Gebärdenkommunikation - Voll entwickelte Sprache

Nachdem ein französischer Priester im 18. Jahrhundert die Gebärdensprache bei gehörlosen Kindern gelehrt hatte, konnte sie sich an den Schulen in weiten Teilen Europas durchsetzen. Mitte des 19. Jahrhunderts setzte ihr Niedergang ein: Sie wurde in vielen Ländern verboten, darunter auch der Schweiz. Die Gebärdensprache stehe einer Integration der Gehörlosen in die Gesellschaft im Weg, hiess es. Viele von ihnen schämten sich, die auch als "Affensprache" bezeichnete Gebärdenkommunikation in der Öffentlichkeit zu verwenden. In der Wissenschaft herrschte die Meinung vor, sie sei keine entwickelte Sprache, sondern eine Art Pantomime oder bestenfalls eine Ansammlung von Gesten, die nur einfache, konkrete Zusammenhänge ausdrücken können.

Doch die linguistische Forschung, die sich, von den USA ausgehend, seit etwa 1960 mit diesem Gebiet beschäftigt, kam auf ganz andere Erkenntnisse: Die Gebärdensprache stellt eine natürliche Sprache mit einer eigenen Struktur dar. Wer sie gut beherrscht, kann sich ebenso komplex und abstrakt ausdrücken wie in der gesprochenen Sprache. Sie ist zudem mit dem Selbstverständnis der Gehörlosen und ihrer Kultur eng verbunden.

Gebärdensprache enthält wie gesprochene Sprache die wichtigsten grammatikalischen Universalien. Für die Wissenschaft ist die visuelle Sprachform deshalb von Interesse, da sich mit ihrer Hilfe Theorien über die menschliche Sprache und das Lernverhalten überprüfen lassen. Anders als im Ausland (USA, Skandinavien, Holland, Grossbritannien und Deutschland), wo sich die Gebärdensprache als Forschungsgebiet etabliert hat, ist sie an den schweizerischen Hochschulen nirgends zu finden.

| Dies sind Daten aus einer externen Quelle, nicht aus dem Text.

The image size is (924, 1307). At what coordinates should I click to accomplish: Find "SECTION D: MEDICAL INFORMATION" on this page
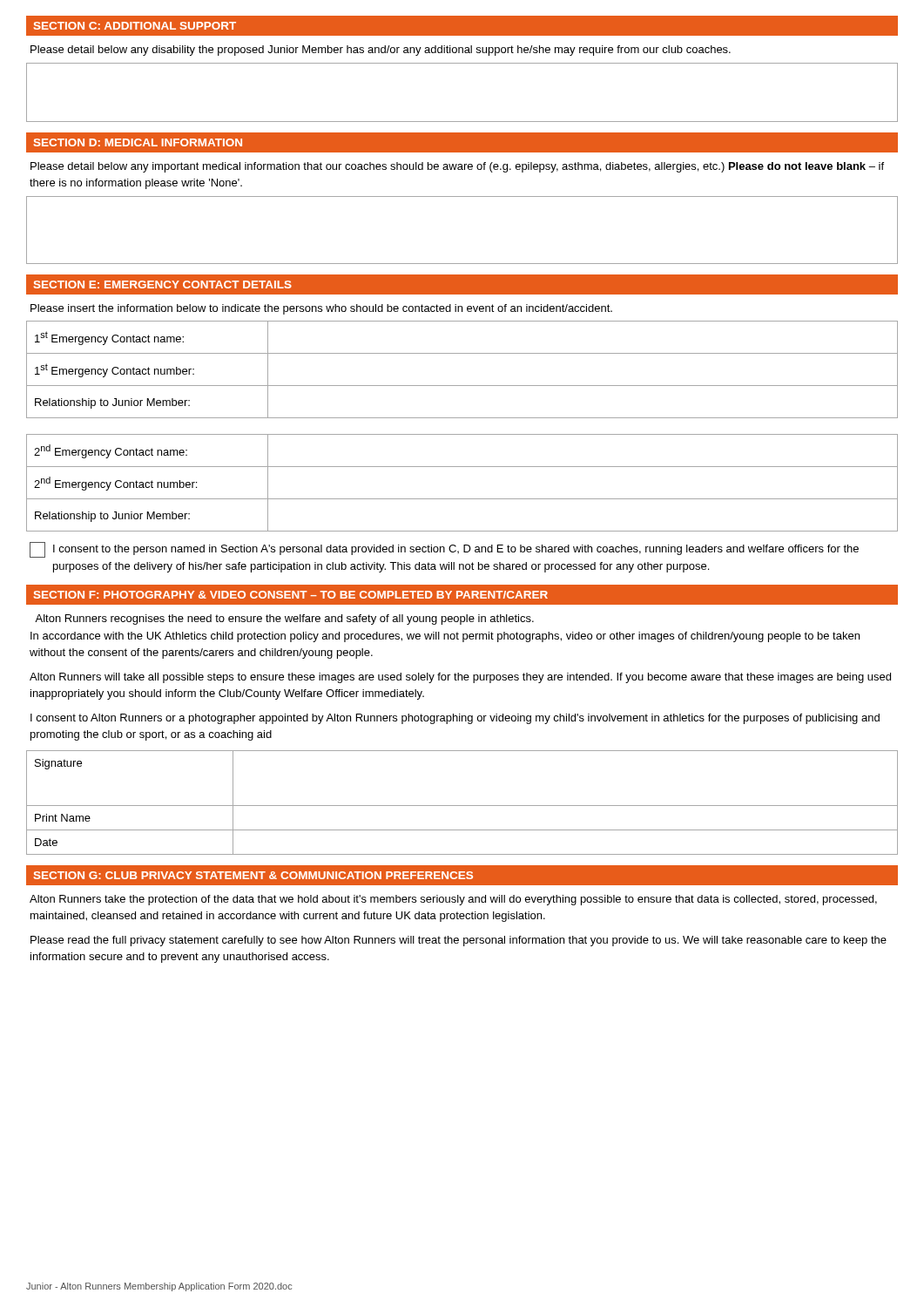pos(462,142)
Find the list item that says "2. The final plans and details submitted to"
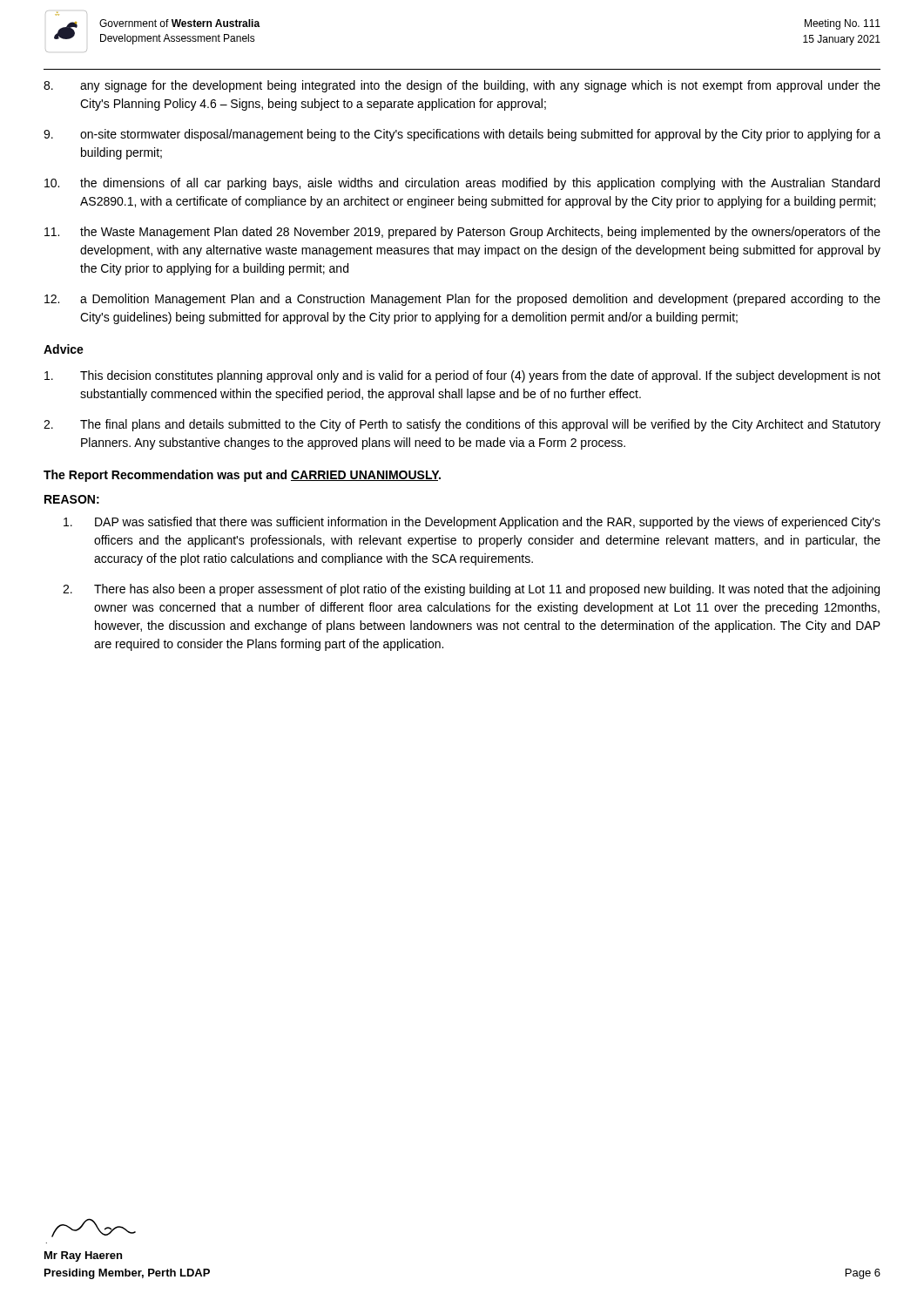This screenshot has width=924, height=1307. click(462, 434)
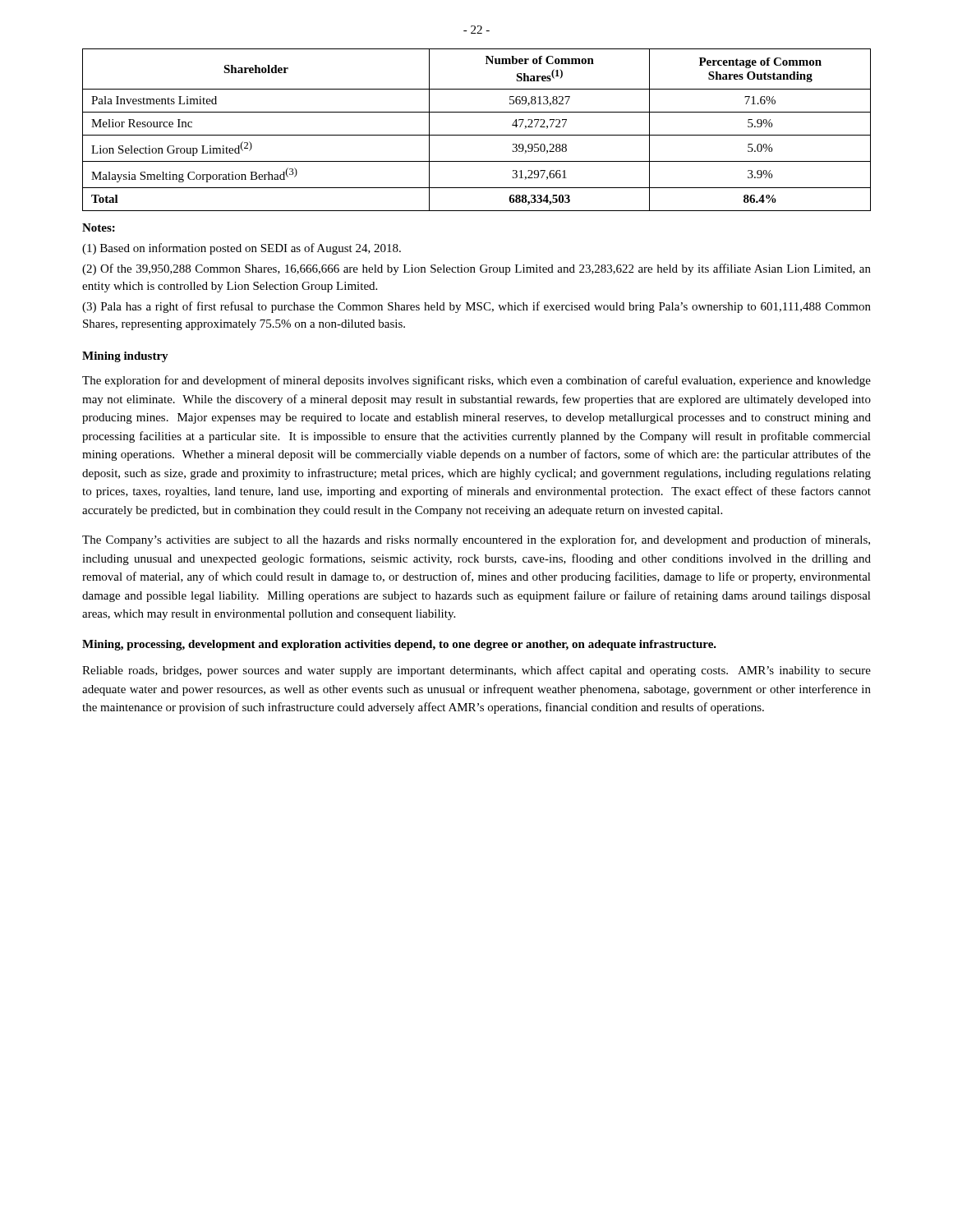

Westschweiz - Einzige zweisprachige Schule

Für die Gehörlosen in der Westschweiz gibt es derzeit noch keine multimediale Erschliessung ihrer visuellen Sprache. Sie unterhalten enge Beziehungen zur Gehörlosenkultur Frankreichs, wo vor kurzem ein dreibändiges Gebärdensprach-Lexikon als Nachschlagewerk auf dem Markt erschienen ist. Eine Dolmetscherausbildung ist in der Romandie möglich, aber eigentliche Forschung wird nicht betrieben.

In mehreren Schulen und Spezialklassen der Westschweiz ist die Gebärdensprache in den Unterricht integriert. Dabei setzen sich die Klassen meist aus hörenden und gehörlosen Kindern zusammen, wobei Dolmetscherinnen eingesetzt werden; Gehörlose erhalten zusätzlichen Spezialunterricht. Als bisher einzige Schule in der Schweiz kennt das Centre Montbrillant in Genf für gehörlose Kinder einen konsequent zweisprachigen Unterricht in Gebärdensprache und Französisch.